There is growing recognition that many prior machine learning studies predicting health-related outcomes have compared machine learning models to relatively weak baseline models, such as null or no information model (DeMasi et al. 2017). This is a very low threshold for the machine learning models to improve upon, thus producing falsely optimistic conclusions. Rather than a null model, the current study examined whether random forests explained additional variance beyond a linear regression “benchmark” model that predicted the clinical outcome with the same assessment at pre-treatment. Thus, for each outcome, we first report variance explained by the benchmark model and then examine whether the ensemble predicts variance not already explained by the benchmark model (i.e., model gain).

Prediction Metrics and Cross-Validation

An important aspect of model performance is how well it performs on cases that it was not trained on. We used 10-fold cross validation to estimate a predictive R2 (Rpred2), which is the fraction of variance in previously unseen data that the model is expected to explain. The 10-fold cross validation was repeated 10 times using different randomized partitions of the data.1 Within each repetition, 10 models were fit, each trained to 90% of the data and used to predict the outcomes for the 10% of cases that were withheld. An Rpred2 was then calculated based on the residual errors of the holdout predictions and then averaged across the 10 repetitions. This procedure was applied to both the benchmark model (see above) and the ensemble model. For the elastic net model, an additional 10-fold cross-validation procedure was nested within each 90% partition of data used for training and used to select values for the tuning parameters as described in the above section Learning Algorithms and Tuning Parameters. The mean Rpred2 of the benchmark model was subtracted from the mean Rpred2 of the ensemble model to yield an estimate of predictive gain (ΔR2pred). A 95% CI for predictive gain was estimated as the .025 and .975 quantiles of the distribution of ΔR2pred recomputed over 10,000 bootstrap replicates. For the elastic net, these numbers reflect the outer cross-validation, not the nested cross-validation, which tended to show a 1% (range = 0–3%) greater Rpred2, indicating that the estimates of error from the tuning procedure incur a slight optimistic bias.

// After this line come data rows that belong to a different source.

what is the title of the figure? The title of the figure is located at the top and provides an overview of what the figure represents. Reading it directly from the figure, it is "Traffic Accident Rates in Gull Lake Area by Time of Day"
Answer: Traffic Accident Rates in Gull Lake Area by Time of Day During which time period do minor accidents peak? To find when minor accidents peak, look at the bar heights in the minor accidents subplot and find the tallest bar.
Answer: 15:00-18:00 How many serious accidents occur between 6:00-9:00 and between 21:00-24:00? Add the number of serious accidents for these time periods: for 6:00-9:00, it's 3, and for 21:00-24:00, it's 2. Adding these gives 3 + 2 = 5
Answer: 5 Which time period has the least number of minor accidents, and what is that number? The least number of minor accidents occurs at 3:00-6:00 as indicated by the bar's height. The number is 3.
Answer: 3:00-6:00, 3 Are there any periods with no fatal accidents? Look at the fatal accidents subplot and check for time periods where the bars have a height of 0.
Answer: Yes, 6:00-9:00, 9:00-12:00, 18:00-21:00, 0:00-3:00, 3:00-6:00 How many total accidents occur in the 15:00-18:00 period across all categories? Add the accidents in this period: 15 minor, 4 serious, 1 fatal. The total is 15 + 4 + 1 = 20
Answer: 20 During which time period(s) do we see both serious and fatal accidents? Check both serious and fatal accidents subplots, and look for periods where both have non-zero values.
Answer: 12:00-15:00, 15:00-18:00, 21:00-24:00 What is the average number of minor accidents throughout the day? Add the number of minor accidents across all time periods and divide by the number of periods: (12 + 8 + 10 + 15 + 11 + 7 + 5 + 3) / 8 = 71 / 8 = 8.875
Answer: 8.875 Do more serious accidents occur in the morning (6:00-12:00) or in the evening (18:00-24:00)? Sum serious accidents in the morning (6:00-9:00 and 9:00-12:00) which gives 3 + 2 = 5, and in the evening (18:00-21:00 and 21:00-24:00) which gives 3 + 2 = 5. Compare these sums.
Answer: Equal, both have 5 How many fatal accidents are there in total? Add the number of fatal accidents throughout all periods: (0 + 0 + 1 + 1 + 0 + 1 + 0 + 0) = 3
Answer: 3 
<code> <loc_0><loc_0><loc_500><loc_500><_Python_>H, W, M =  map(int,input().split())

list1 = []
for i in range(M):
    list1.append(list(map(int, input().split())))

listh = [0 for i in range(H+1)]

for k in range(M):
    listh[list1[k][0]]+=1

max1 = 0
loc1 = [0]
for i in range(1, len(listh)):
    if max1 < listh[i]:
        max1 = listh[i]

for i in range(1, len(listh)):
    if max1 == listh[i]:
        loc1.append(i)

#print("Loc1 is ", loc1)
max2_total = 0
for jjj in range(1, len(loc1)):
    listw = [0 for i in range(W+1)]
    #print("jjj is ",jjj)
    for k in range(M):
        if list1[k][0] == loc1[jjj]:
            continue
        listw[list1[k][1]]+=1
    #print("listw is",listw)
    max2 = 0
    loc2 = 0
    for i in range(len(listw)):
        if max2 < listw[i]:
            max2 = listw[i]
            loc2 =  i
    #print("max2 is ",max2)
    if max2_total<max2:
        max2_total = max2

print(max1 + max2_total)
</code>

Cross-validation of models was expedited by fitting models to resampled data in parallel on the Wrangler computing cluster provided by the Texas Advanced Computing Center (TACC) at the University of Texas at Austin (https://www.tacc.utexas.edu/). All analyses were implemented in R (version 3.4). Our code made extensive use of the tidyverse (Wickham 2018) packages dplyr, purrr, and tidyr for general data extraction and transformation. Figures were generated using the packages ggplot2 (Wickham 2009), gridExtra (Auguie 2017), and ggmap (Kahle & Wickham 2013). The randomForest (Liaw & Wiener 2002) and glmnet (Friedman et al. 2010) packages were used to implement the machine learning ensembles.

Calculation of Variable Importance Scores

We provide a variable importance metric that was obtained by selecting a sequence of values between the minimum and maximum of each predictor while holding all other predictors constant (at the mean of numeric variables or at the mode of factors), using the final model to make predictions for each of these selected values, and then obtaining the difference between the minimum and maximum prediction. This corresponds to the amount of partial influence that each variable had on the model prediction, in terms of the difference in outcome units that it was able to effect on its own. These predictions are for the final ensemble, thus the prediction for each variable is an average of linear and non-linear associations (from the elastic net and random forests models, respectively) between the predictor variable and outcome. Partial influence for each important predictor is illustrated in the partial dependence plots presented in the results section.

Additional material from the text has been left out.